I have the following function that I would like to vectorize in order to speed it up. the function takes one column vector of arbitrary length and must output a single number. The function is:
xs = np.array([0.3, 5.01, 13.5, -1.01, 66.0, -101.6, 41.44, 11.0, 36.2, 9.0])
def func(xs):
fitness = xs[0]
for i in xs:
if np.abs(i) > fitness:
fitness = np.abs(i - 30)
return fitness
CodePudding user response:
Let's rewrite the function to better visualize the action:
In [221]: xs = np.array([0.3, 5.01, 13.5, -1.01, 66.0, -101.6, 41.44, 11.0, 36.2, 9.0])
...: def func(xs):
...: x1 = np.abs(xs); x2 =np.abs(xs-30)
...: print(x1); print(x2)
...: fitness = x1[0]
...: for i,j in zip(x1,x2):
...: if i > fitness:
...: fitness = j
...: print(fitness)
...: return fitness
...:
In [222]: xs
Out[222]:
array([ 0.3 , 5.01, 13.5 , -1.01, 66. , -101.6 , 41.44,
11. , 36.2 , 9. ])
In [223]: func(xs)
[ 0.3 5.01 13.5 1.01 66. 101.6 41.44 11. 36.2 9. ]

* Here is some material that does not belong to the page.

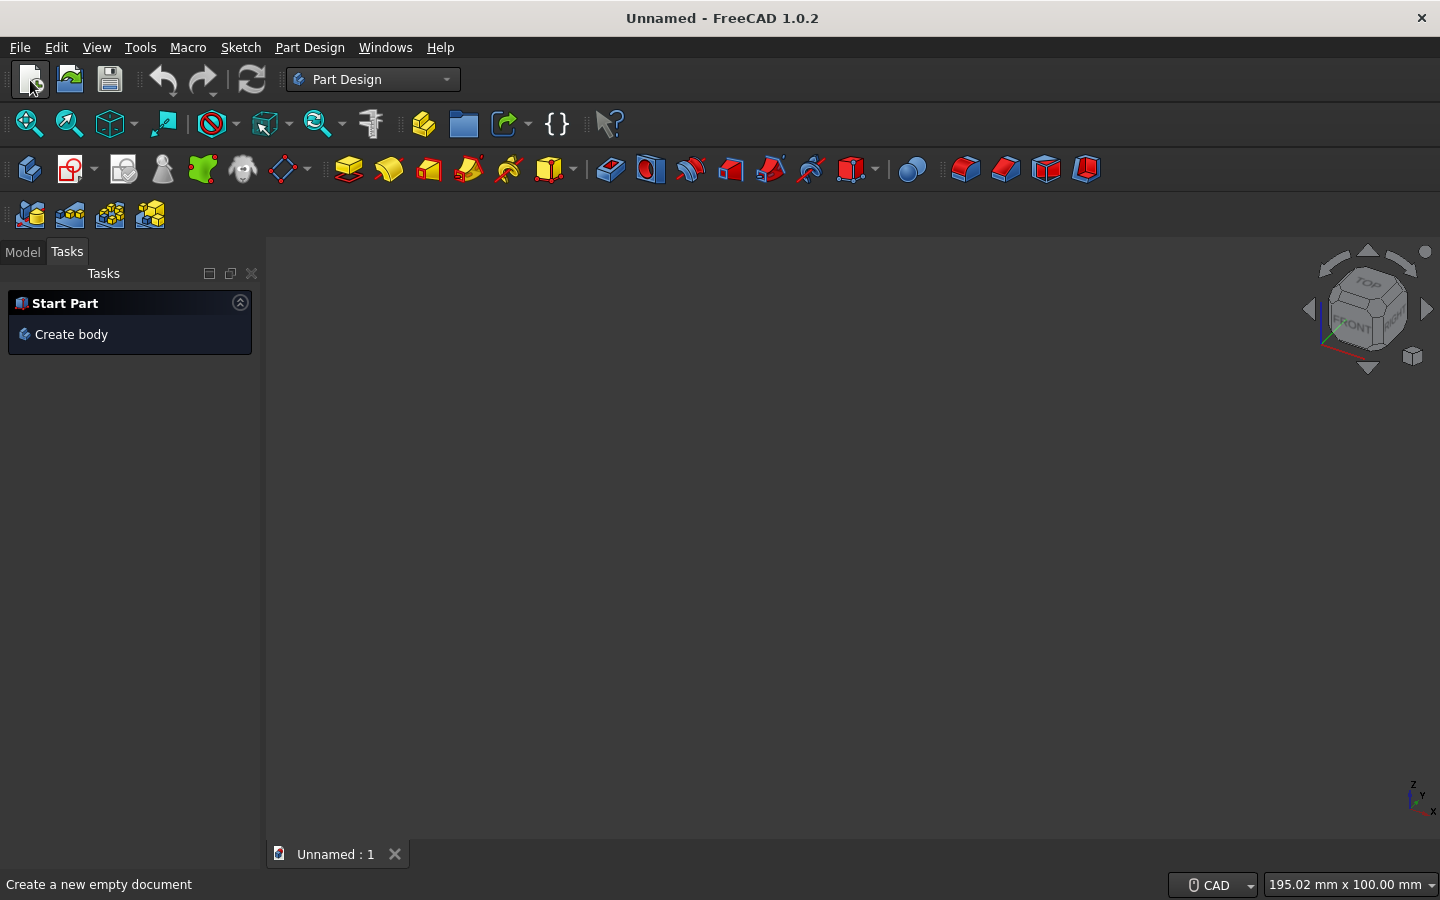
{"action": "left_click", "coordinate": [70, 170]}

[ 29.7 24.99 16.5 31.01 36. 131.6 11.44 19. 6.2 21. ]
0.3
24.990000000000002
24.990000000000002
24.990000000000002
36.0
131.6
131.6
131.6
131.6
131.6
Out[223]: 131.6
In [224]: x1 = np.abs(xs); x2 =np.abs(xs-30)
So the successive values of fitness look a lot like the accumulated maximum of x2:
In [225]: np.maximum.accumulate(x2)
Out[225]:
array([ 29.7 , 29.7 , 29.7 , 31.01, 36. , 131.6 , 131.6 , 131.6 ,
131.6 , 131.6 ])
Or skipping the first value of x2:
In [226]: np.maximum.accumulate(x2[1:])
Out[226]:
array([ 24.99, 24.99, 31.01, 36. , 131.6 , 131.6 , 131.6 , 131.6 ,
131.6 ])
That's not a perfect substitute, but may give you/us some ideas of how to make it better.
CodePudding user response:
You can try,
index = np.argmax(np.abs(xs)-np.hstack([xs[0],xs][:-1]))
#basically does `abs(x[i]) - x[i-1]`
np.abs(xs[index]-30*np.bool_(index))
#30*np.bool_(index) is to make sure to return the first element as-is if its the largest element.